Hem yararlı yük olarak hem uçuş sistemleri olarak, iklim ve irtifa şartlarında ortaya koymuş olduğu direnç. 

Bir başka taraftan HÜRJET’imiz. Eğitim uçaklarının yerini alacak. Şu anda kullanmakta olduğumuz F-5’lerin yerini alacak. Bir öbür tarafı yakın takviye uçağı. Bu açıdan baktığımızda küçük bir F-16 modeli diyebilirsiniz. 

Öte tarafta Kaan, stratejik üstünlük sağlamak istiyorsanız bu türlü bir uçağa gereksiniminiz var. Hepsinin yeri doldurulamaz bir özelliği var. Bu silah sistemlerini gören ülkeler Türkiye ile müttefik olmak isteyecekler. 

Bu sistemleri tedarik için ihraç edeceksiniz. Geçen yıl 4.4 milyar dolar kazanımlara ulaştık. Bu platformlarla birlikte katlanarak gidecek. Türkiye stratejik bağımlılıktan kurtuluyor. 

Artık ben de varım jeopolitik olarak ben de giriyorum. Aslında bugünkü şovun temel bir gayesi var. Türkiye ben de varım diyor. 

‘DOSTLARA, DÜŞMANLARA İLETİ VAR’ 

Bir mühendislik birikimi, siyasi irade hepsi bir ortaya geldikten sonra inşa edilebildi. HÜRJET’te, GÖKBEY’de, ANKA-3’te çok büyük bir irade var. Hepsinin bir ortaya gelmesiyle birlikte 5 tane savaş platformunu insanların gözler önüne sermiş oldu. Burada dostlara, düşmanlara bildiri var. “

KADIR DOĞAN: ÖNEMLİ BİR KABİLİYET VAR BURADA 

Savunma Sanayii Uzmanı Kadir Doğan açıklamasında şu tabirleri kullandı: 

“Çok ağır sertifikasyon kaideleri var. Siz yaptığınız sivil bir hava aracını istediğinizi havalimanına indiremiyorsunuz. Burada açıkçası bizim gördüğümüz tam manasıyla hem tasarım, hem üretim hem geliştirmek önemli bir kabiliyet var burada. 

Bu kabiliyetleri TUSAŞ’ta görmek hem bir mühendis olarak görmek gurur verici. 

BU SİSTEMLER, EGE’DE, AKDENİZ’DE, SURİYE’DE GÜÇ ÇARPANI OLUŞTURUR MU? 

Bana kalırsa öncelikle Ege ve Akdeniz’de Türkiye’nin stratejilerini kısıtlamamak gerekiyor.

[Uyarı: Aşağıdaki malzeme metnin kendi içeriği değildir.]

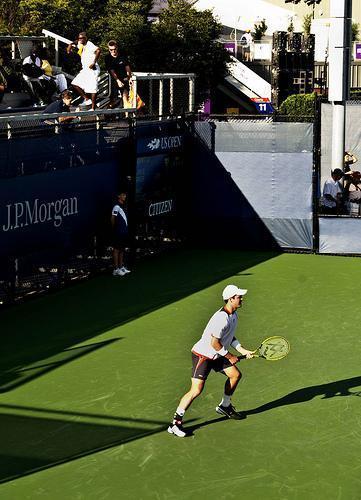How many rackets are in the man's hand?
Give a very brief answer. 1. 
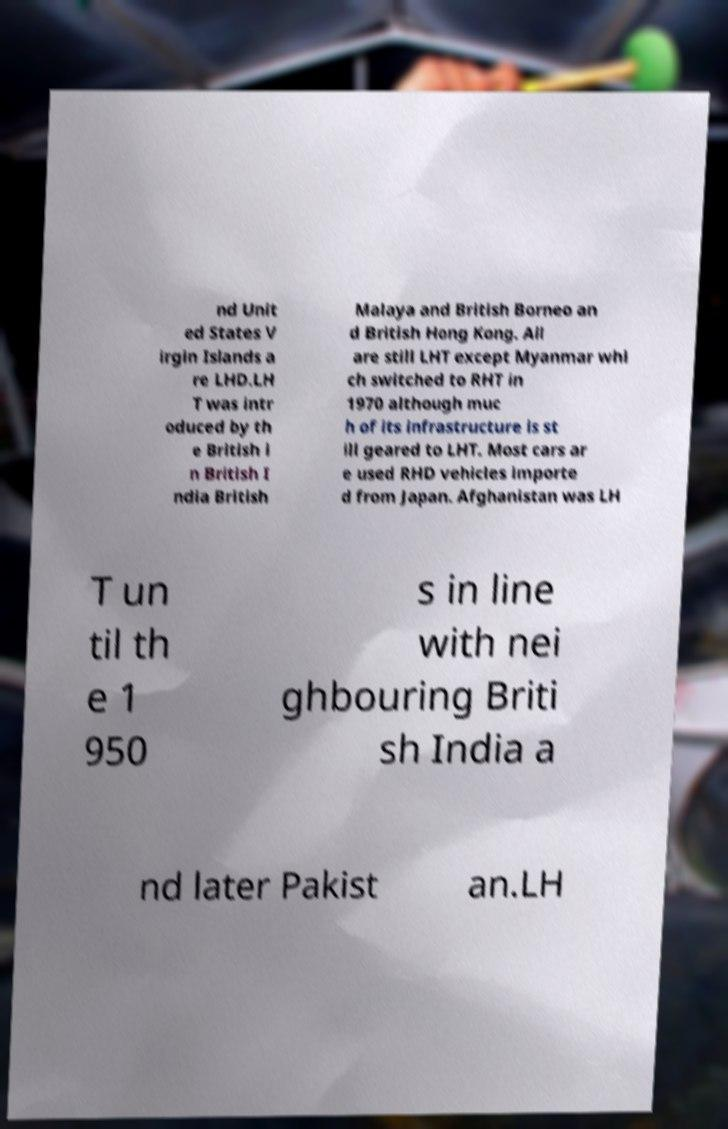Can you accurately transcribe the text from the provided image for me? nd Unit ed States V irgin Islands a re LHD.LH T was intr oduced by th e British i n British I ndia British Malaya and British Borneo an d British Hong Kong. All are still LHT except Myanmar whi ch switched to RHT in 1970 although muc h of its infrastructure is st ill geared to LHT. Most cars ar e used RHD vehicles importe d from Japan. Afghanistan was LH T un til th e 1 950 s in line with nei ghbouring Briti sh India a nd later Pakist an.LH

Bir güç istikrarından bahsetmek gerçek değil. Yunanistan, MSB Akar da bahsetti. Bizim istikrarımızı olabilecek bir ülke değil. 

Günümüzde harp alanında en temel stratejilerden bir tanesi harp etrafında kurulan stratejiler, bunlar Türkiye’nin stratejisi de değil. ABD’nin açıkladığı rapor var. İnsansız sistemler yol haritası raporu. ABD’nin amacı beşerli ve insanız sistemleri bir ortada çalıştırabilmek. 

Cumhurbaşkanı Erdoğan, ANKA-3 KIZILELMA birbirleri ile uçuş yapacaklar dedi. Siz bu kadar farklı sistemi bir ortaya getirirseniz bu size şunu sağlayacak. Biz Bahar Kalkanında onlarca İHA’nın bir ortada misyon yaptığını gördük.  

‘TÜRKİYE’NİN AMACINI ÇOK NET GÖSTERİYOR’ 

ABD’nin bile 2040’lara koyduğu gayeleri biz 2030’larda gerçekleştirmeye başlayacağız. Bu Türkiye’nin gayelerini çok net gösteriyor, tarihe geçecek bir gün.”